#### Supplied records

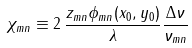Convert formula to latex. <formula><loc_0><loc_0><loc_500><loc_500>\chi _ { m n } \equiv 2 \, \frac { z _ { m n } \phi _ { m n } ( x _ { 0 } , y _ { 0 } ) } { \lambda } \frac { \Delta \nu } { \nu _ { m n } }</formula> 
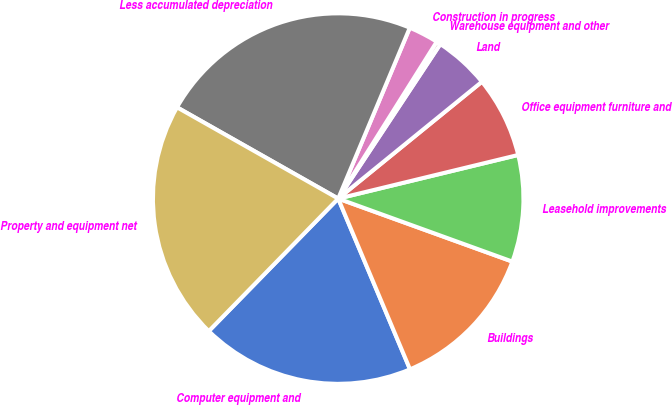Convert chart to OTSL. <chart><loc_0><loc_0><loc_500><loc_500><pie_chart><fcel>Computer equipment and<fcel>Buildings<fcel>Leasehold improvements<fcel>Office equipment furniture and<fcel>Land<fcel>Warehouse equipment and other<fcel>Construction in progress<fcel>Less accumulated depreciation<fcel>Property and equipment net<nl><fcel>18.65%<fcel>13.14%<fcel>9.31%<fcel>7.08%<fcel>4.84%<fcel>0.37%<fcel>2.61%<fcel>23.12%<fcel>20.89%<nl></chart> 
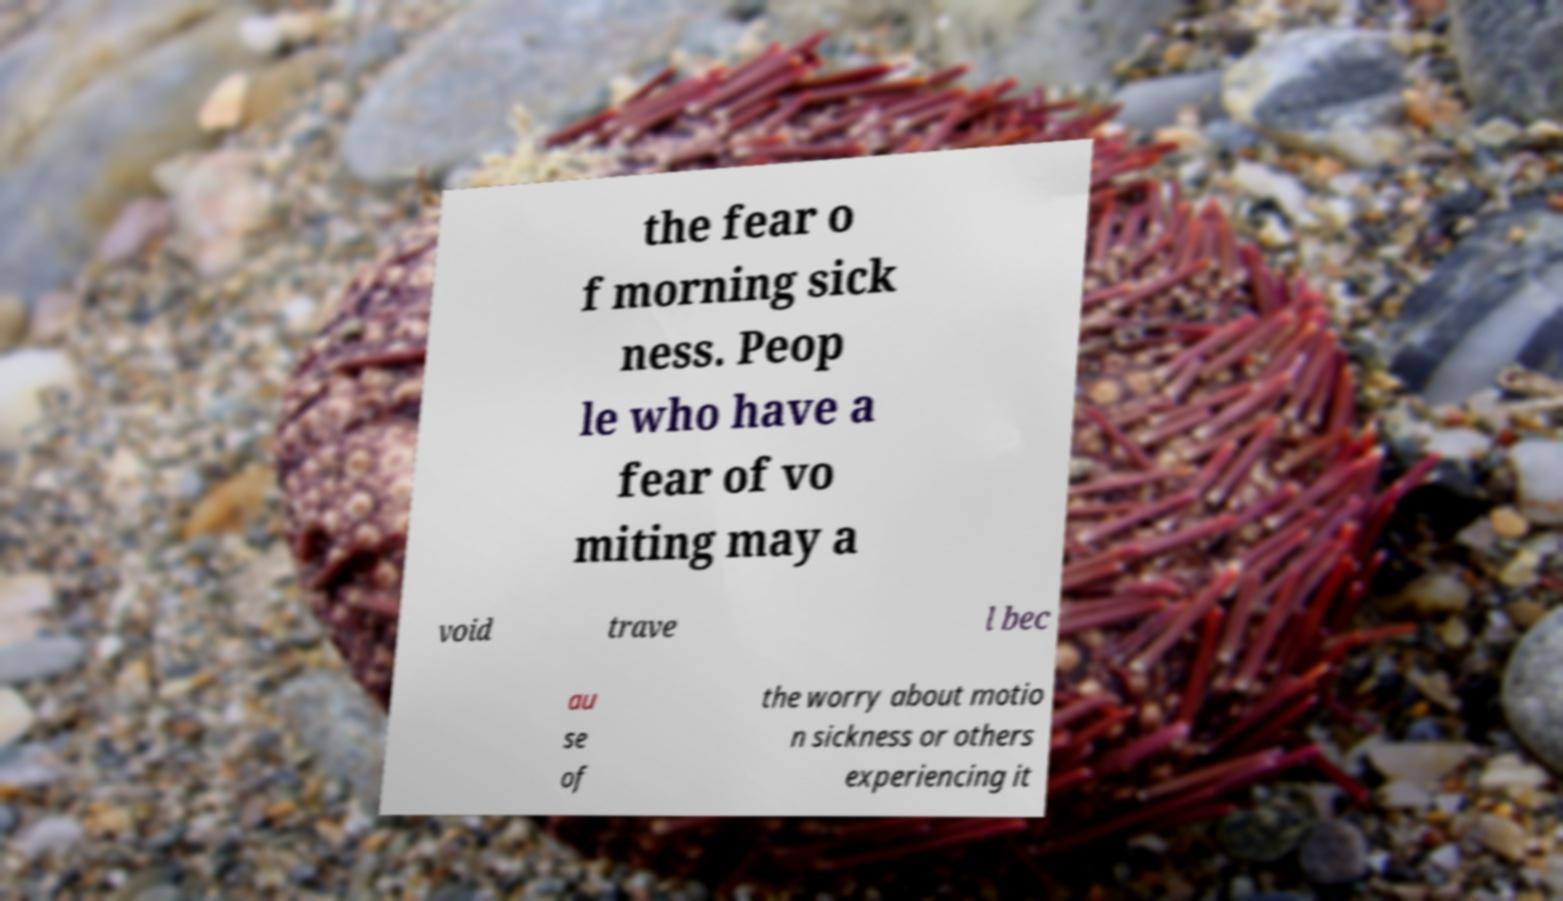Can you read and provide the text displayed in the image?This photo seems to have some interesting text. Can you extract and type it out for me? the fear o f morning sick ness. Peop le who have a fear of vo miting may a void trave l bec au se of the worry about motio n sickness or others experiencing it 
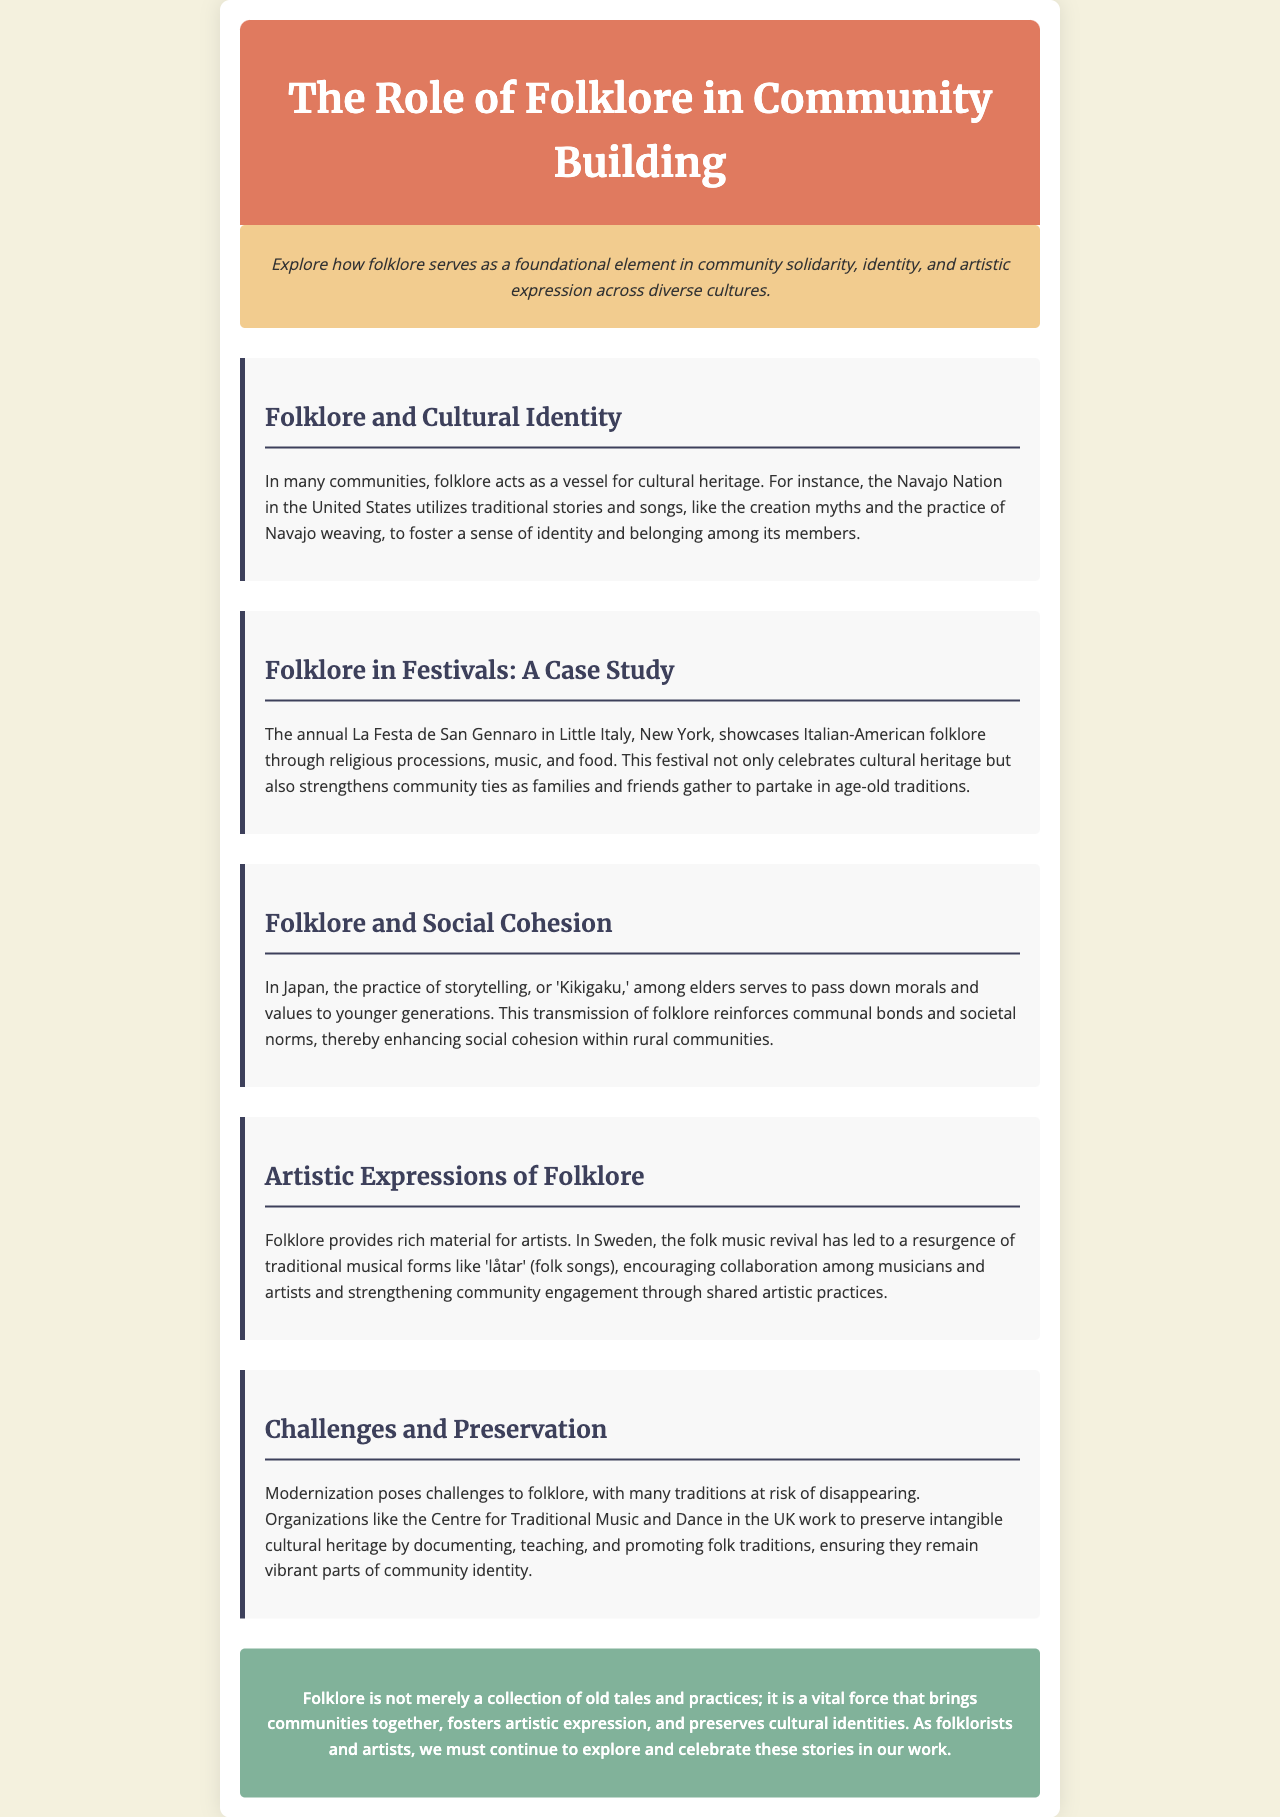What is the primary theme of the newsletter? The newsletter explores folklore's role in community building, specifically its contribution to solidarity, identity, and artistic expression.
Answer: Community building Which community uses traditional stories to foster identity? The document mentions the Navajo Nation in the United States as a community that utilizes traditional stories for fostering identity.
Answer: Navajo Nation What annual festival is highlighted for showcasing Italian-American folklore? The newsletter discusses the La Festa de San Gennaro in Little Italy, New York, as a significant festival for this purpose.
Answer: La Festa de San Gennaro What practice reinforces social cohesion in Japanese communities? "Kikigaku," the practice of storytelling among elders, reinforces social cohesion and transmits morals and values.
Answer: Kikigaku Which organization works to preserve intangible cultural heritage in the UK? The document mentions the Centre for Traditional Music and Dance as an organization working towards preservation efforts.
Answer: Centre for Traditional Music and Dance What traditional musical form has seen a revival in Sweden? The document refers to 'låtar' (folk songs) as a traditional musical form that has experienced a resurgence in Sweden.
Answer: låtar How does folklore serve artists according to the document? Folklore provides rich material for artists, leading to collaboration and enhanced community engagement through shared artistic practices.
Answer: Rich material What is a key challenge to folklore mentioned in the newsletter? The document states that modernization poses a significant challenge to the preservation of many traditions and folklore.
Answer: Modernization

########
#### Supplied records

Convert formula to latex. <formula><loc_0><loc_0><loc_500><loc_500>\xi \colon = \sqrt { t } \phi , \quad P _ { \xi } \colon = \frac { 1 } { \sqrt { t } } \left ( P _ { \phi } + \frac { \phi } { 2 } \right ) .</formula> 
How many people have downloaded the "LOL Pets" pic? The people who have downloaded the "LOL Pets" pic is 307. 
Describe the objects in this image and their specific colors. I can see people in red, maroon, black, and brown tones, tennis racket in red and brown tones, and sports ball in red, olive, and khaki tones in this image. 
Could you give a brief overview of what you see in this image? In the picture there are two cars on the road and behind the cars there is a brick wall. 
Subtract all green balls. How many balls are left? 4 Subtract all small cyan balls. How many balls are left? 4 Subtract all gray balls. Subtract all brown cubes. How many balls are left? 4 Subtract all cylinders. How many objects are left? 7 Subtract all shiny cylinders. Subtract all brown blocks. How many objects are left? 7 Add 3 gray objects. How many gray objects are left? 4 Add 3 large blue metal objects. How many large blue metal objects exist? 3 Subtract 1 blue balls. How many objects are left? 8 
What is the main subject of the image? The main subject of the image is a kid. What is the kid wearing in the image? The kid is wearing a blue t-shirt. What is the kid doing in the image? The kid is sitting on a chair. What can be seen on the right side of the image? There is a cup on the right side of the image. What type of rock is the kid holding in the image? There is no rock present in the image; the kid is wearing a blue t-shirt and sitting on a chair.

########

» What you are asked to do
Count the lines in the records above that hold the word "Music", and give only that number.

» Response
2